Archive for Storage

Tech Field Day 12 (TFD12) – Preview

Tech Field Day 12 (TFD12)

For those people who haven’t heard of Tech Field Day, it’s an awesome event run by the inimitable Stephen Foskett. The event enables tech vendors and real engineers / architects / bloggers (aka delegates) to sit down and have a conversation about their latest products, along with technology and industry trends.

Ever been reading up on a vendor’s website about their technology and had some questions they didn’t answer? One of the roles of the TFD delegates is to ask the questions which help viewers to understand the technology. If you tune in live, you can also post questions via twitter and the delegates, who will happily ask them on your behalf!

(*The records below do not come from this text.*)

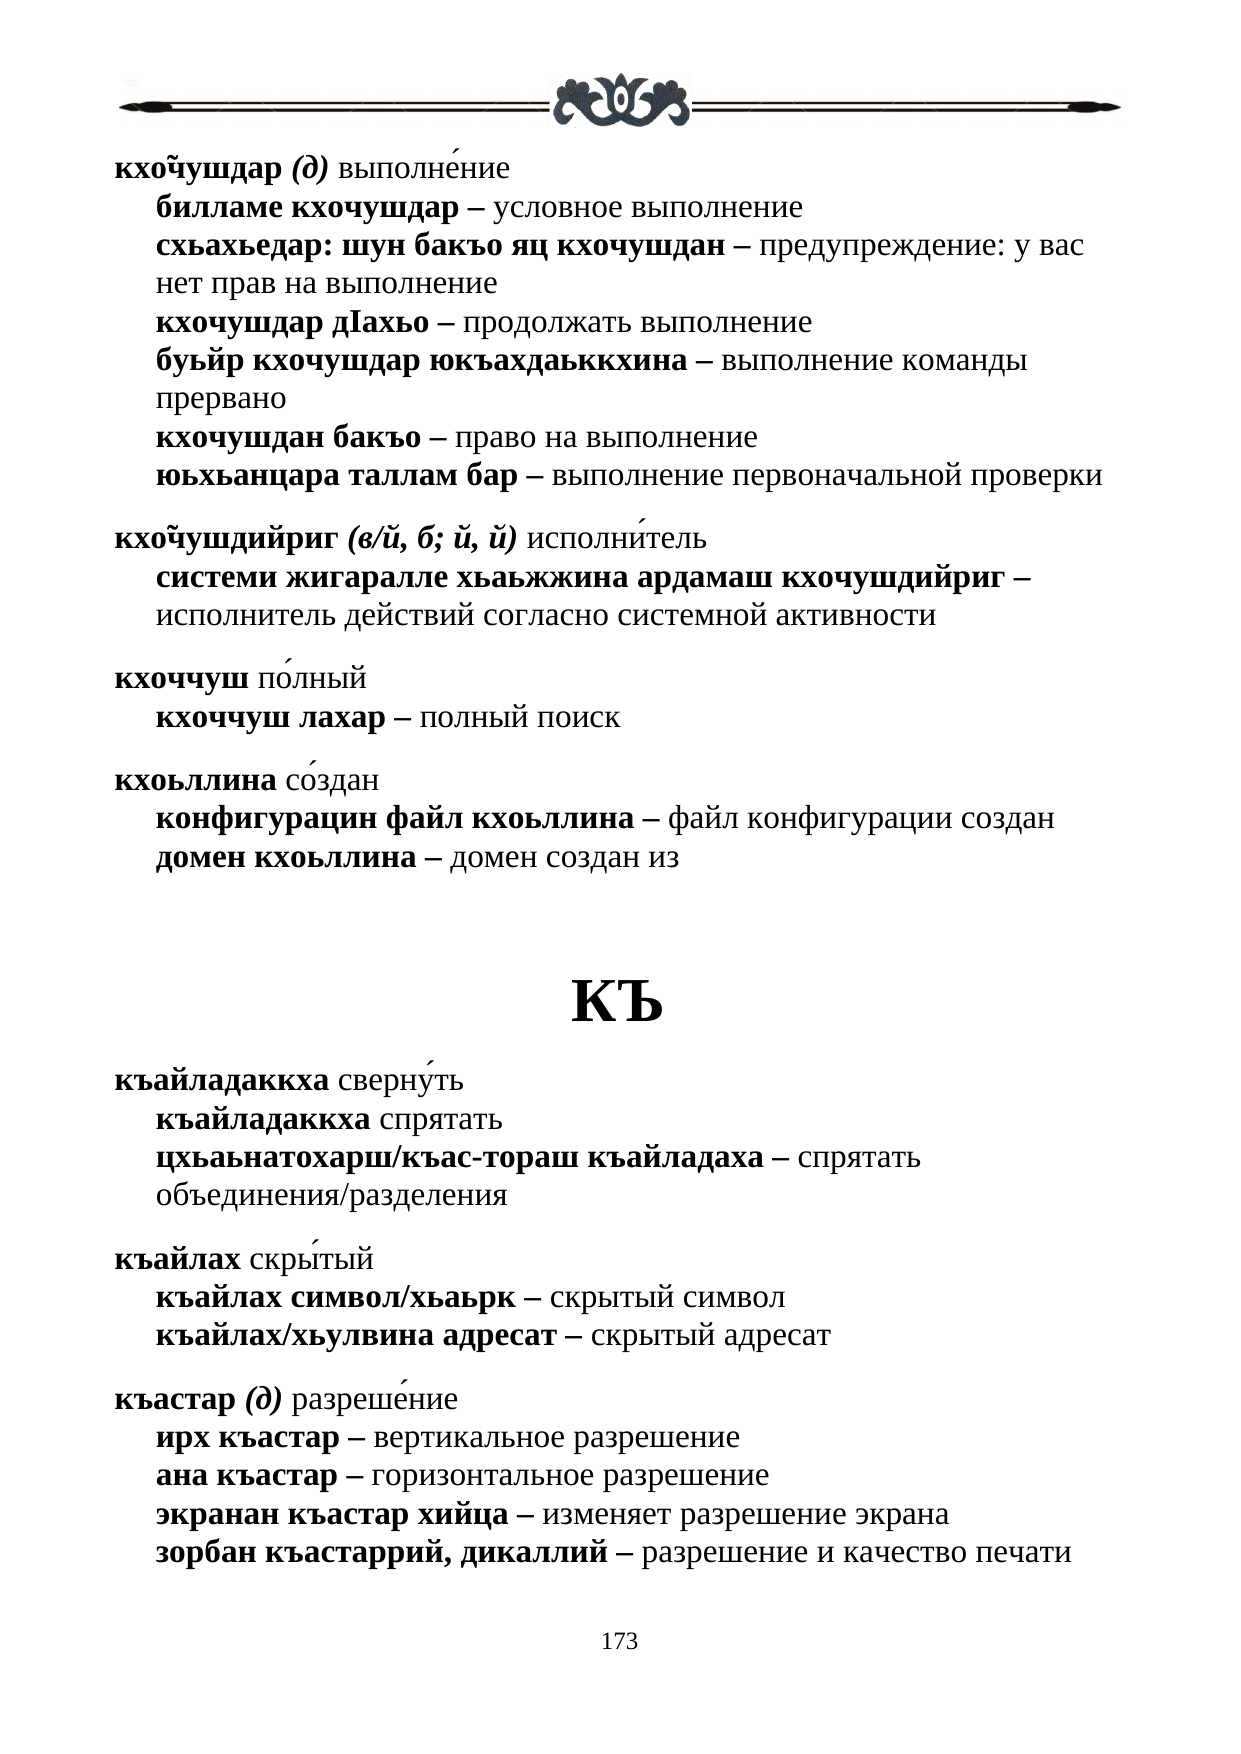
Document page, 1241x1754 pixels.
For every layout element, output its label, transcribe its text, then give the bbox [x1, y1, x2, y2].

text кхоьллина со́здан конфигурацин файл кхоьллина – файл конфигурации создан домен кхоьллина – домен создан из [114, 759, 1122, 874]
text кхо̃чушдар (д) выполне́ние билламе кхочушдар – условное выполнение схьахьедар: шун бакъо яц кхочушдан – предупреждение: у вас нет прав на выполнение кхочушдар дIахьо – продолжать выполнение буьйр кхочушдар юкъахдаьккхина – выполнение команды прервано кхочушдан бакъо – право на выполнение юьхьанцара таллам бар – выполнение первоначальной проверки [114, 148, 1122, 493]
text кхоччуш по́лный кхоччуш лахар – полный поиск [114, 658, 1122, 734]
text кхо̃чушдийриг (в/й, б; й, й) исполни́тель системи жигаралле хьаьжжина ардамаш кхочушдийриг – исполнитель действий согласно системной активности [114, 518, 1122, 633]
text КЪ [114, 963, 1122, 1035]
text къайладаккха сверну́ть къайладаккха спрятать цхьаьнатохарш/къас-тораш къайладаха – спрятать объединения/разделения [114, 1060, 1122, 1213]
text къайлах скры́тый къайлах символ/хьаьрк – скрытый символ къайлах/хьулвина адресат – скрытый адресат [114, 1238, 1122, 1353]
text къастар (д) разреше́ние ирх къастар – вертикальное разрешение ана къастар – горизонтальное разрешение экранан къастар хийца – изменяет разрешение экрана зорбан къастаррий, дикаллий – разрешение и качество печати [114, 1378, 1122, 1570]

As a delegate it’s an awesome experience as you get to spend several days visiting some of the biggest and newest companies in the industry, nerding out with like-minded individuals, and learning as much from the other delegates as you do from the vendors!

So with this in mind, I am very pleased to say that I will be joining the TFD crew for the third time in San Jose, for Tech Field Day 12, from the 15th-16th of November!

Tech Field Day 12 (TFD12) Vendors

As you can see from the list of vendors, there are some truly awesome sessions coming up! Having previously visited Intel and Cohesity, as well as written about StorageOS, it will be great to catch up with them and find out about their latest innovations. DellEMC are going through some massive changes at the moment, so their session should be fascinating. Finally, I haven’t had the pleasure of visiting rubrik, DriveScale or Igneous to date, so should be very interesting indeed!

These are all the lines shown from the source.